The expected output is a copy of every line in the records with the string "made".

(Stored entries)
☆ ☆ ☆

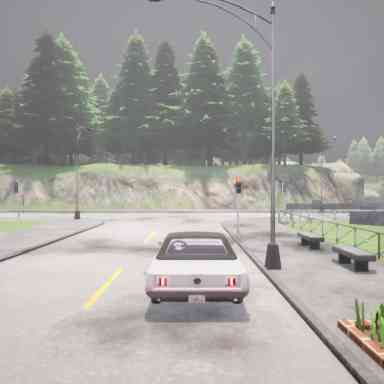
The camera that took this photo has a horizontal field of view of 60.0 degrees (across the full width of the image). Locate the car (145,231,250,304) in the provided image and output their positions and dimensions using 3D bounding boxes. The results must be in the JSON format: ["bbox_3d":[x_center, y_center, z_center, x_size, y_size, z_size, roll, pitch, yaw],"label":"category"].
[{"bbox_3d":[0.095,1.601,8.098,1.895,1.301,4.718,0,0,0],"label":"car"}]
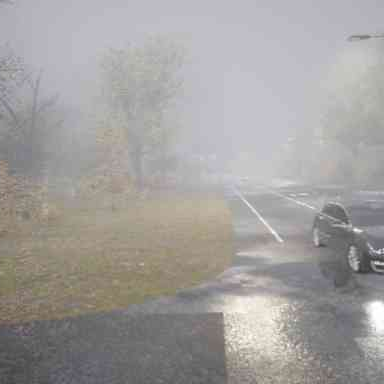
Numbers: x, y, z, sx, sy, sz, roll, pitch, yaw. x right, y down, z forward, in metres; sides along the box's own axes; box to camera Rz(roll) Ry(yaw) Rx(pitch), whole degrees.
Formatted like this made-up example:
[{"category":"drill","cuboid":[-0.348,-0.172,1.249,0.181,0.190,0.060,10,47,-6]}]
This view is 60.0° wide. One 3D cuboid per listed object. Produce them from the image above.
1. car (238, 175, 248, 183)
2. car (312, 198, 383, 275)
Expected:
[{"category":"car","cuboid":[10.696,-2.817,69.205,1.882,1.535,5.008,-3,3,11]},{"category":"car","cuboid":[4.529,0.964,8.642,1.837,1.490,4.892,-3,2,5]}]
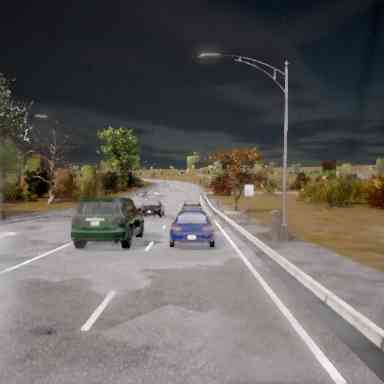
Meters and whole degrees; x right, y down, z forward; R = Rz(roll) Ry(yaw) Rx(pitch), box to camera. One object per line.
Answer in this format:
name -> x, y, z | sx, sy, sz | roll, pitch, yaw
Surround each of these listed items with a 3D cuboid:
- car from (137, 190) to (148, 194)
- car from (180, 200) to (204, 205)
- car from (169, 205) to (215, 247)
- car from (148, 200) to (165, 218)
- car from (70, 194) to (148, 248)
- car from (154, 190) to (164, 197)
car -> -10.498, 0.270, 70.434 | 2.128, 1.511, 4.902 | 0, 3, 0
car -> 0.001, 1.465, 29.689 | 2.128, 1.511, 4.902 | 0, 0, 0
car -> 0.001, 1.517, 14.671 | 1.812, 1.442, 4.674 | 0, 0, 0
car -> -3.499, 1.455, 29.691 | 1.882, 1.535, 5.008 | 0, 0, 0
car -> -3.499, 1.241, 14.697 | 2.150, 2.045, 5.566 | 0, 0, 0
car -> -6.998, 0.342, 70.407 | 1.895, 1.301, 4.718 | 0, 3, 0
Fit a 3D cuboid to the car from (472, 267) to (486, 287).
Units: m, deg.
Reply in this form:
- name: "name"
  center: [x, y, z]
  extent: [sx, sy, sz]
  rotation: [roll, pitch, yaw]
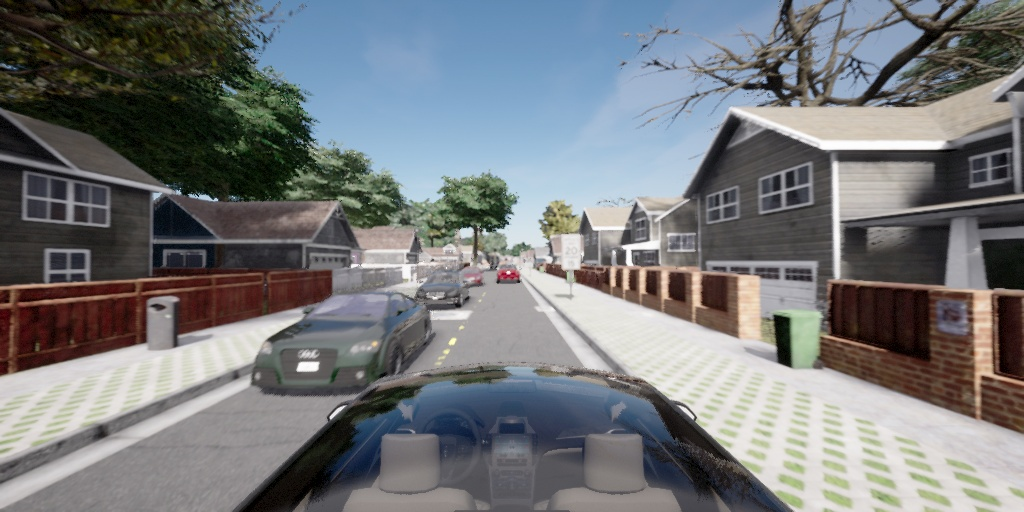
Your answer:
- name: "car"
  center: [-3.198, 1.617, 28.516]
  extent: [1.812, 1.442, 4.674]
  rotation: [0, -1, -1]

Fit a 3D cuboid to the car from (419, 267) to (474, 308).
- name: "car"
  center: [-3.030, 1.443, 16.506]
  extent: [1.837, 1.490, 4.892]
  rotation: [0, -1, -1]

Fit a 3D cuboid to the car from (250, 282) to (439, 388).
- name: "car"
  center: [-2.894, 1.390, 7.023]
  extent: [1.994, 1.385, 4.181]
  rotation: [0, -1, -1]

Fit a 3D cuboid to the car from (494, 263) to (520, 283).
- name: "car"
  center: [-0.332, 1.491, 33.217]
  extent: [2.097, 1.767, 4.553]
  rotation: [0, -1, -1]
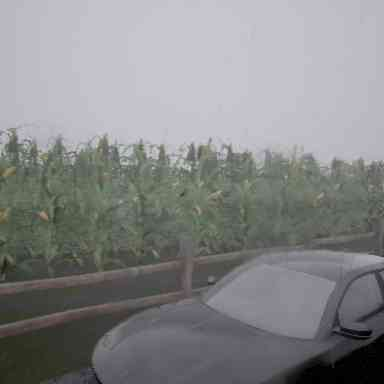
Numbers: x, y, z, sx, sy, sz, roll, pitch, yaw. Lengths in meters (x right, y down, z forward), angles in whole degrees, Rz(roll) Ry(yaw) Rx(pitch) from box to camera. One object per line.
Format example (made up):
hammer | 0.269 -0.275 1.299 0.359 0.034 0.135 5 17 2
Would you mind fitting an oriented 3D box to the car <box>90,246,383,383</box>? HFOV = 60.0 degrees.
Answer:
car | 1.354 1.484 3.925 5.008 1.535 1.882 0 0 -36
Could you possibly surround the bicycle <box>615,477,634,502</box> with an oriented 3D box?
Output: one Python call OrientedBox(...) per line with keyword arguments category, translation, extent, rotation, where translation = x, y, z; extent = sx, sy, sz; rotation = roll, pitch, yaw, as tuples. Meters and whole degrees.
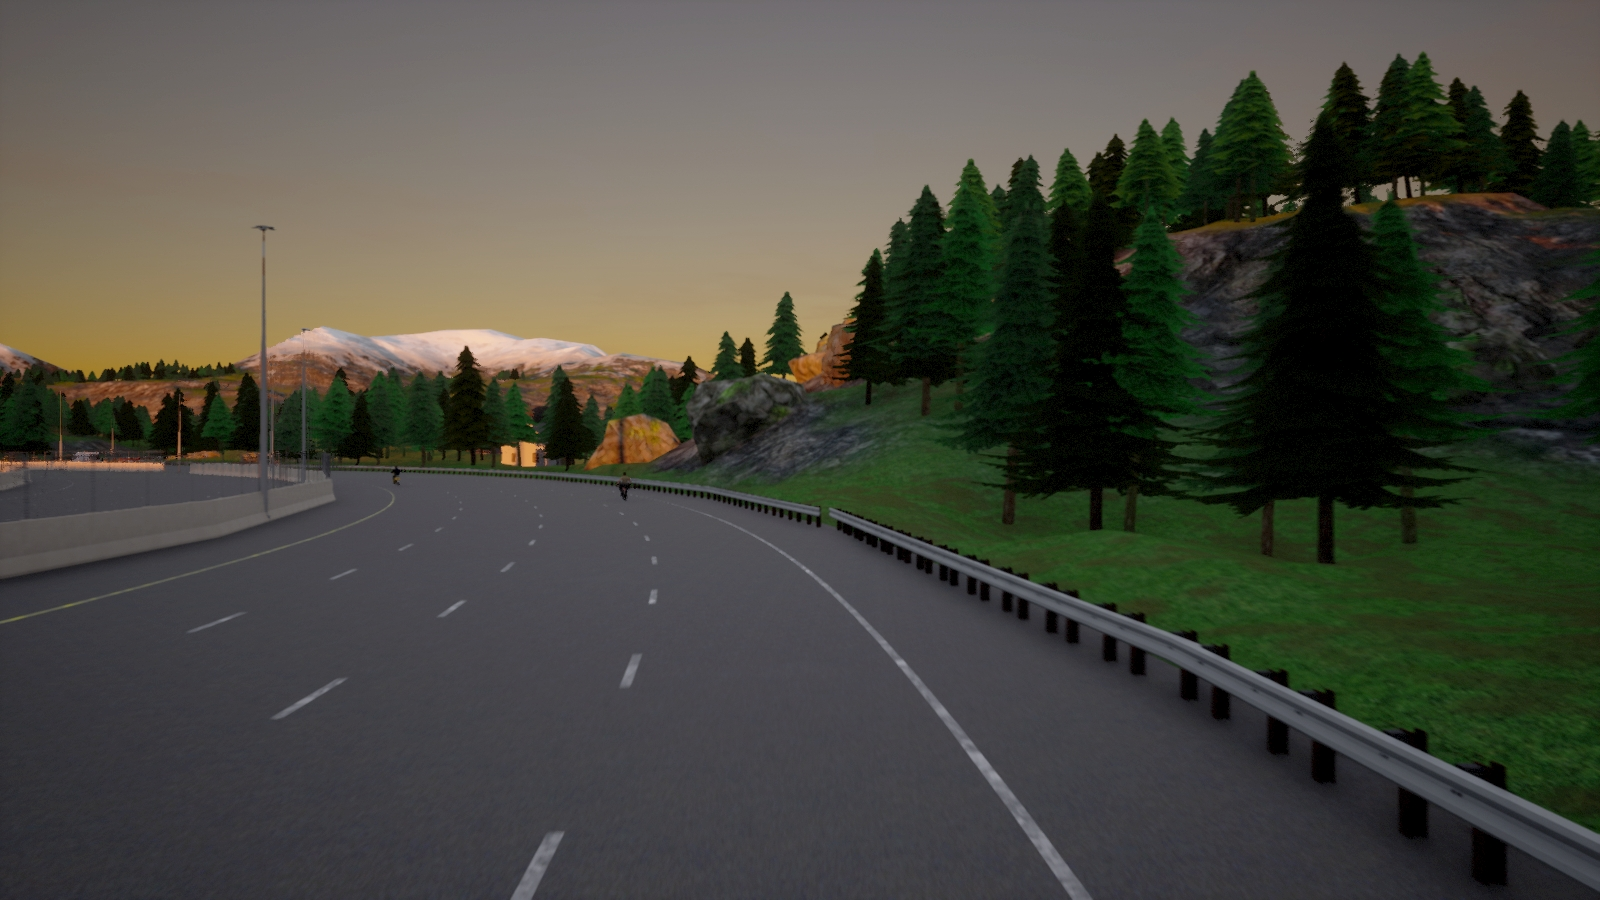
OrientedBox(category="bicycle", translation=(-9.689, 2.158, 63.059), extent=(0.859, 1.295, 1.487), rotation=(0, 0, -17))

☆ ☆ ☆

▶ **RESULT OF THE TASK**
Formatted like this made-up example:
Format example (made up):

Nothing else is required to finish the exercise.